We occasionally provide excerpts from The Great American Car Wash Story. Former ICA Executive Director Gus Trantham and veteran commercial writer John Beck wrote this book in 1994. It represents the most complete history we have found of the industry in North America. Enjoy.
The peregrinations of James Hill’s horseless carriage around Fleetwood must have stimulated many ideas in the heads of some of the very town fathers who banned his vehicle from the streets of the town, for Fleetwood was soon to become the home of a company that was to make custom car bodies for some of the greats in show business as well as many others in the upper crust.

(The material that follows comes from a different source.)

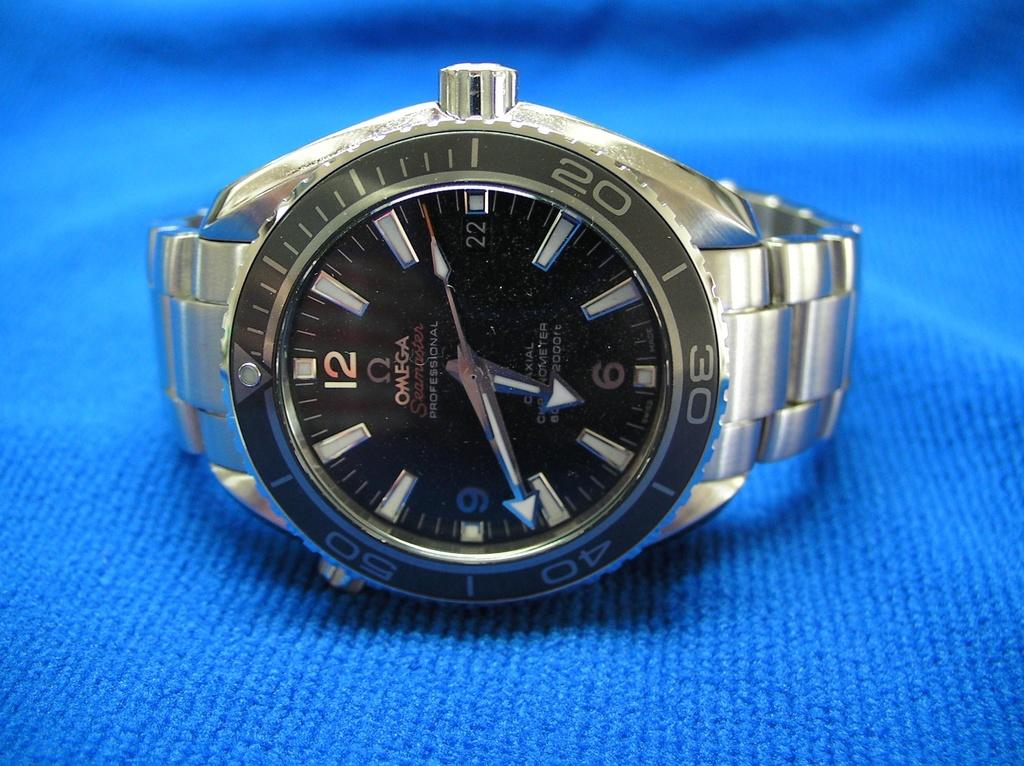<image>
Give a short and clear explanation of the subsequent image. An omega seamaster professional watch sits on a towel.

Fleetwood is located in Berks County, Pennsylvania, which attracted many early settlers of German extraction who became known as the Pennsylvania Dutch with a reputation as careful craftsman who took pride in the perfection of their work. The turn of the century found many of these Pennsylvania Dutch working in vehicle factories in such towns as Reading, Hamburg, Boyertown … and Fleetwood. These factories produced many fine cars, such as the Daniels, the Dile, the SGV, the Acme, the Duryea “Buggyaut” and others known only to antique-car lovers.
The Duryea brothers, who established their plant in Reading, are credited with having produced the first truly manufactured cars in the United States after having invented the spray carburetor and adopted the first pneumatic tires.
But of particular interest to car wash operators would be the way the Fleetwood Metal Body Company was founded in 1909 to make custom cars built around chassis and engines carrying what were to become some of the greatest names in automobile history: names such as Packard, Rolls-Royce, Lincoln, Dusenberg, Mercedes-Benz and Isotta-Fraschini.
Needless to say, the people who ordered these custom-built Fleetwood cars were in the clover. People such as Andrew Carnegie and the Vanderbilts as well as many of the royalty from overseas. In this country, especially, many Fleetwoods were ordered by Hollywood movie stars such as the great Theda Bara, the ever-popular Mary Pickford and Rudolph Valentino the magnificent lover, to name a few. This generated a great deal of publicity for the Fleetwood name and helped to launch a Hollywood mania for luxurious automobiles.
Needless to say, these Fleetwood cars were considered by many to be the best in the world, using as they did the finest engines, the richest leathers, the best suspension systems, the most luxurious of fabrics, the most meticulous craftsmanship available.
Such vehicles likewise demanded the best in car care, and it may well be that the care demanded by the Hollywood stars in having their cars washed may have played a key role in popularizing car washing as a professional service.